Building an AI Industrial Application Ecosystem, Empowering Various Sectors
"The development and application of AI are inseparable from the support of large models. The emergence of open-source large models enables more enterprises and developers to utilize these models to create a myriad of AI+ applications," said Li Tao. The open-sourcing of the APUS-xDAN Large Model 4.0 (MoE) somewhat fills the gap in China's open-source models with hundreds of billions of parameters, bringing more possibilities to the development and application of AI technologies.
Since its establishment in 2014, APUS has launched over 200 application products, covering tools, content, and services among various scenarios. After transitioning to artificial intelligence, APUS has restructured its native product matrix, empowering its entire product line with tools+AI, content+AI, and services+AI in three application layers, exploring and incubating super applications for end-users.

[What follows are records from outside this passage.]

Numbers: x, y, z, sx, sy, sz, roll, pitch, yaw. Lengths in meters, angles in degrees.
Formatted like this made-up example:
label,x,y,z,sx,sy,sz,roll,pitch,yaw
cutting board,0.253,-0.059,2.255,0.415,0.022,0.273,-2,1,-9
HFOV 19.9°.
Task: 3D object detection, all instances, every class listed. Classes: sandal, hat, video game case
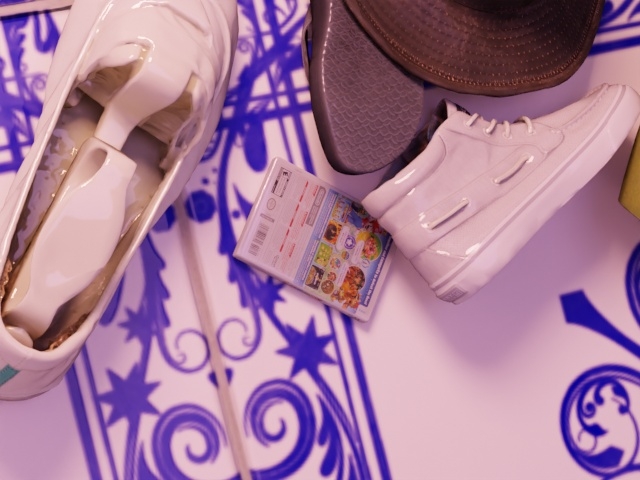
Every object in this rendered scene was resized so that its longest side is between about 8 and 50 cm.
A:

In industry application scenarios, from the "APUS Zhixin Large Model" used in G-end internet information for intelligent rumor refutation, to the "APUS Qihuang Large Model" enhancing intelligent diagnosis and treatment in B-end hospitals, the "APUS Shaobo Large Model" for intelligent e-commerce marketing, to the C-end "APUS Moran Large Model" capable of intelligent painting, the "APUS Yunmeng Large Model" with AI writing capabilities in the Chinese creative field, and the "APUS Moshi Large Model" enabling text-to-video capabilities... APUS is accelerating the democratization of large models, making AI applications simpler. At APUS AI Open Lab, developers can swiftly deploy their innovative applications through API interfaces. Currently, this AI Open Lab has gathered top AI talents from around the globe, collaborating with APUS's computational power support to collectively open-source and advance the latest AI large models, thereby promoting the healthy development of the AI industry.
It's reported that the recently open-sourced APUS-xDAN Large Model 4.0 (MoE) marks another significant milestone for APUS in the layout of AI general large models, following the joint open-source of APUS Large Model 3.0 (Lingli) with the National Engineering Laboratory of Shenzhen University. This underscores APUS's advancement in the deployment of AI general large models.
In the future, facing the development and challenges of the artificial intelligence industry, APUS will actively explore solutions through continuous technological research and community building. They will continuously enhance the stability and generalization ability of open-source large models to ensure their leading edge in various complex application scenarios, further empowering myriad industries and sectors.